A single dose of radium-223 dichloride was used in three different settings mimicking the prevention or treatment of bone metastasis. In culture, radium-223 dichloride incorporated into bone matrix and inhibited proliferation of breast cancer cells and differentiation of osteoblasts and osteoclasts (all P < .001). 

In the mouse model of established bone metastasis, the drug prevented tumor-induced cachexia (0/14 vs 7/14 control mice) and decreased osteolysis by 56% and tumor growth by 43% (all P < .05). Double-strand DNA breaks were observed in cancer cells in vivo. 

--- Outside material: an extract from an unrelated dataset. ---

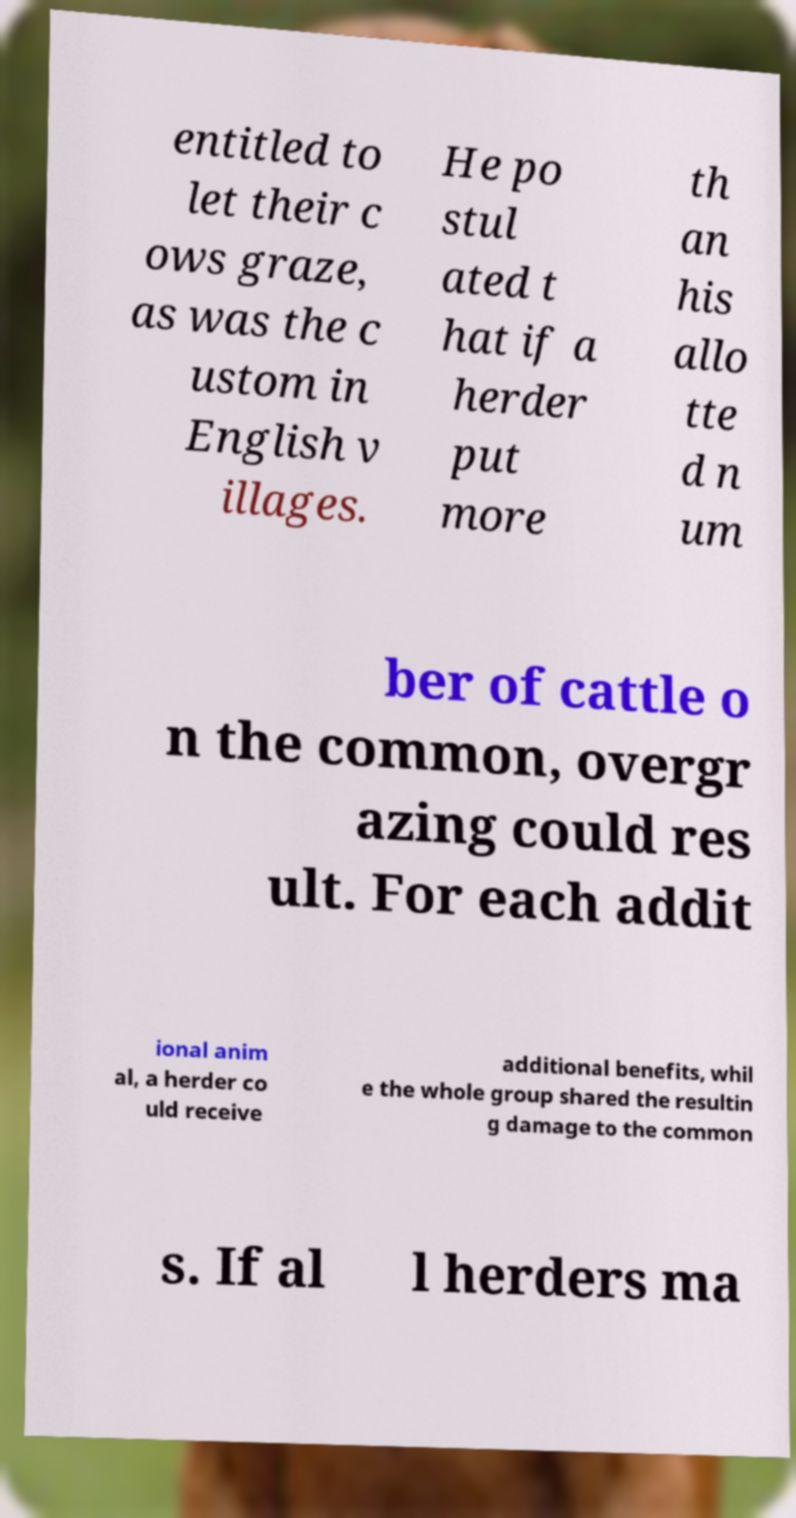Please identify and transcribe the text found in this image. entitled to let their c ows graze, as was the c ustom in English v illages. He po stul ated t hat if a herder put more th an his allo tte d n um ber of cattle o n the common, overgr azing could res ult. For each addit ional anim al, a herder co uld receive additional benefits, whil e the whole group shared the resultin g damage to the common s. If al l herders ma 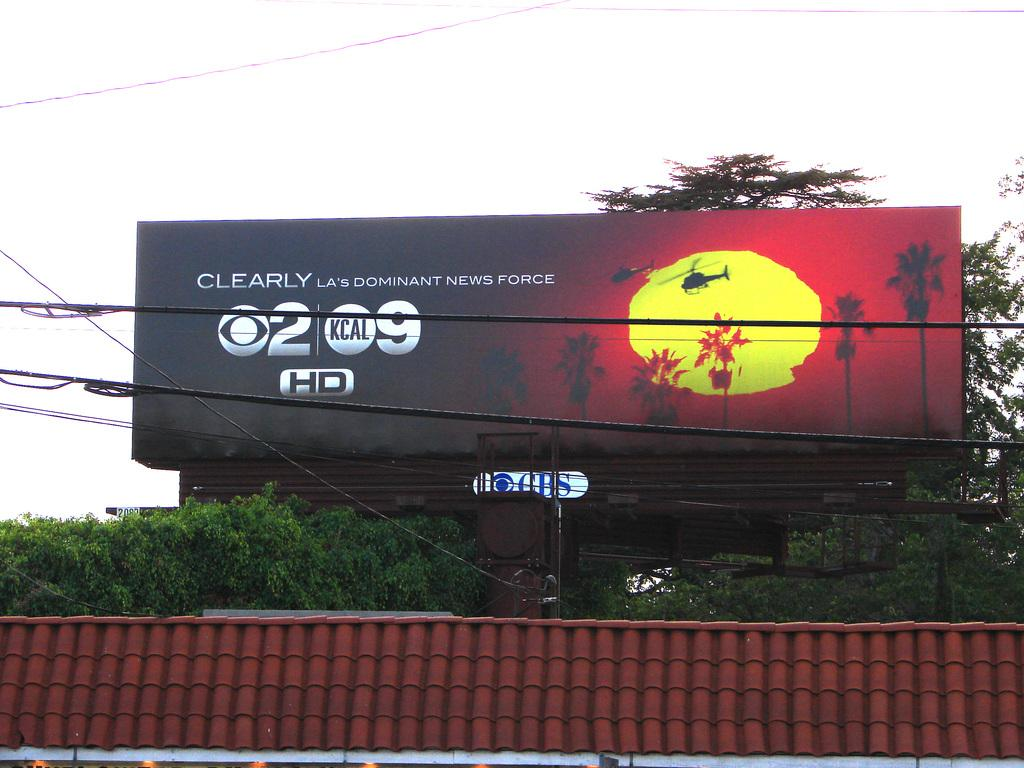<image>
Relay a brief, clear account of the picture shown. a billboard that says clearly LAs dominant news force

In the established bone metastasis model, radium-223 dichloride extended survival as a monotherapy (29.2 days, P = .039) and in combination with zoledronic acid (31.4 days, P = .004) or doxorubicin (31.5 days, P < .001) compared with vehicle (24.9 days). Similar but more pronounced effects were observed when radium-223 dichloride was administered in a preventive or micrometastatic setting.

The investigators concluded, “Our findings strongly support the development of radium-223 dichloride for the treatment of breast cancer patients with or at high risk of developing bone metastases.” ■

Suominen MI, et al: J Natl Cancer Inst. May 16, 2013 (early release online).